§ **TASK REQUIREMENTS**
Below are the records; give again exactly the line with "1. We know that", the line with "3. To use the", and each line that lies between them, and nothing besides.

Stored data
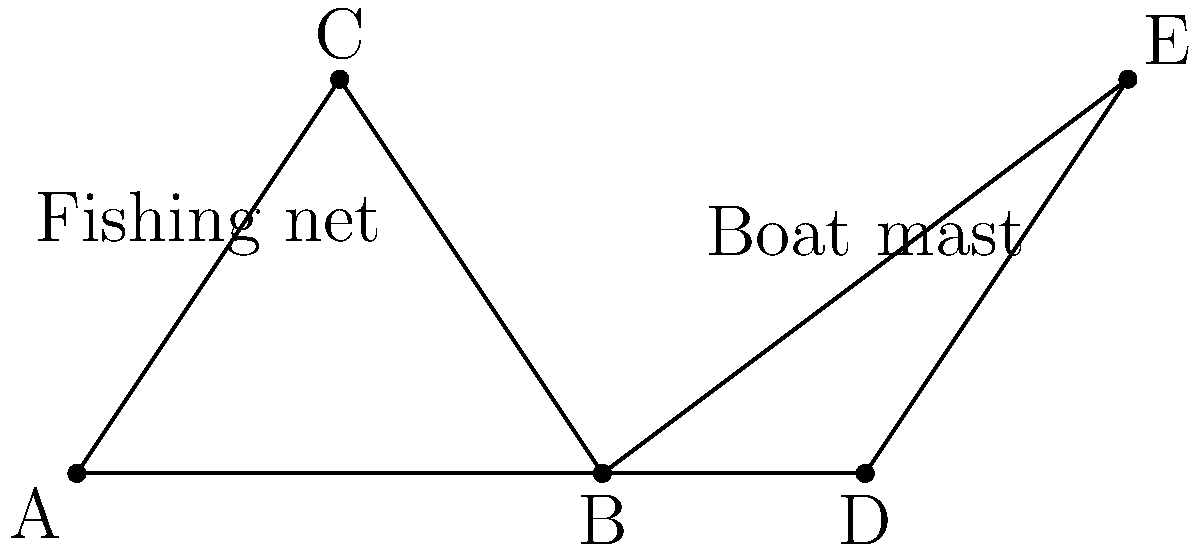In the diagram, two triangles are formed by fishing nets and boat masts. Triangle ABC represents a fishing net, while triangle BDE represents a boat's sail. If $\angle ABC = \angle DBE$ and $\overline{AB} = \overline{BD}$, what additional information is needed to prove that these triangles are congruent? To prove that two triangles are congruent, we need to use one of the congruence criteria. Let's analyze the given information and determine what's missing:

1. We know that $\angle ABC = \angle DBE$. This gives us one pair of congruent angles.

2. We're told that $\overline{AB} = \overline{BD}$. This provides us with one pair of congruent sides.

3. To use the Side-Angle-Side (SAS) congruence criterion, we need the included angle between these two sides to be congruent in both triangles. This would be $\angle BAC$ and $\angle BDE$.

4. For the Angle-Side-Angle (ASA) criterion, we would need another pair of congruent angles, specifically $\angle BAC$ and $\angle BDE$, or $\angle BCA$ and $\angle BED$.

5. For the Side-Side-Side (SSS) criterion, we would need two more pairs of congruent sides: $\overline{BC} = \overline{BE}$ and $\overline{AC} = \overline{DE}$.

Given the context of fishing nets and boat masts, the most practical information to obtain would be the measure of $\angle BAC$ and $\angle BDE$. If these angles are equal, we could use the SAS criterion to prove congruence.

Therefore, the additional information needed is the congruence of $\angle BAC$ and $\angle BDE$.
Answer: $\angle BAC = \angle BDE$

§ **OUTPUT**
1. We know that $\angle ABC = \angle DBE$. This gives us one pair of congruent angles.

2. We're told that $\overline{AB} = \overline{BD}$. This provides us with one pair of congruent sides.

3. To use the Side-Angle-Side (SAS) congruence criterion, we need the included angle between these two sides to be congruent in both triangles. This would be $\angle BAC$ and $\angle BDE$.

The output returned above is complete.